Certainly, we can. We (obviously) are not actually hiring any actors or doing any filming.
However, if you hire someone who already has those skillsets, you aren't starting from scratch. So, in our fantasy production, seeing examples of what the actors can do (because they've already done something adjacent to what we want in another film production) helps us to visualize what we would be getting in our production.
If you hire someone like Jeremy Renner (well, not this second, but in general....) and ask him to hit certain marks and do certain moves on film...he will do that. He has a lot of training, a lot of experience, and he's fast. So he can get himself into the correct position on set and get the director the shot they want, pretty much as good as any stunt double. Someone who is new to action films....can't do that, probably. They will need to work a lot harder to make more basic stunt choreography work.

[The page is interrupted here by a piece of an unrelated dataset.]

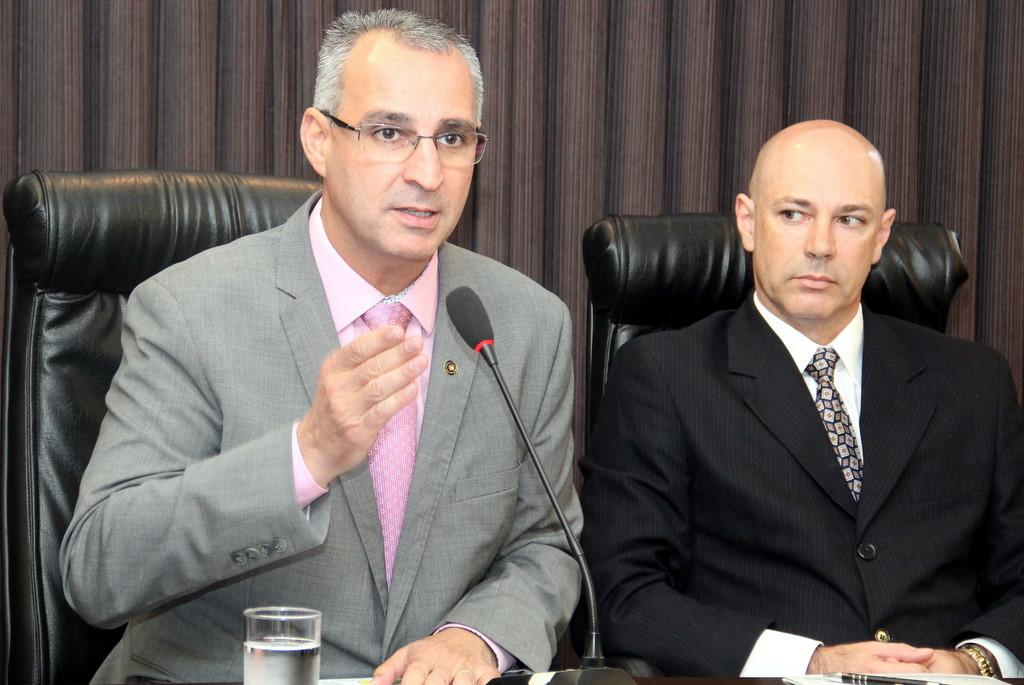How many people are in the image? There are two persons in the image. What are the persons doing in the image? The persons are sitting on chairs. What objects are in front of the persons? There is a mic, a glass with water, and a pen in front of them. What can be seen in the background of the image? There is a wall in the background of the image. What type of bells can be heard ringing in the image? There are no bells present in the image, and therefore no sound can be heard. What design is featured on the wall in the background? The provided facts do not mention any specific design on the wall in the background. --- Facts: 1. There is a car in the image. 2. The car is red. 3. The car has four wheels. 4. There is a road in the image. 5. The road is paved. Absurd Topics: parrot, ocean, mountain Conversation: What is the main subject of the image? The main subject of the image is a car. What color is the car? The car is red. How many wheels does the car have? The car has four wheels. What can be seen in the background of the image? There is a road in the image. What type of road is visible in the image? The road is paved. Reasoning: Let's think step by step in order to produce the conversation. We start by identifying the main subject of the image, which is the car. Then, we describe the car's color and the number of wheels it has. Next, we mention the road visible in the background, noting that it is paved. Absurd Question/Answer: Can you see a parrot flying over the car in the image? There is no parrot present in the image. What type of mountain can be seen in the background of the image? There is no mountain visible in the image; it features a car and a paved road.

If you want to film a sword fight, you can hire someone like Christopher Lee (again, obviously not any more...) who has most certainly done that many, many times on film and knows how to do it well and make it look good. Or, you can hire a beginner, and train them in the exact sequence they will be doing for your film. Adjacent skill sets are fine - Sebastian Stan did a lot of knife flipping as Bucky Barnes, and (presumably) a lot of drumstick twirling as Tommy Lee. Both skills require similar dexterity. Summer Glau's dance training lent itself to her fight training choreography. But if you hire someone who typically plays 'the cute love interest' and put them into an action sequence, you might get some cringey fight scenes.
So, yes, we can 'think outside the box' and choose someone who has never done any fight scenes on film before, with the understanding that we'll make it work. There is no rule saying you have to pick someone who has done this before. But that does make it a bit harder to visualize what type of fight scene we'd be getting. This project has very, very few storyboards thus far...and part of the reason for that is that it takes a lot of time and effort to generate a storyboard! But I think that would be one way to convey what an action sequence would look like in the absence of existing footage of the actor 'in action', as it were.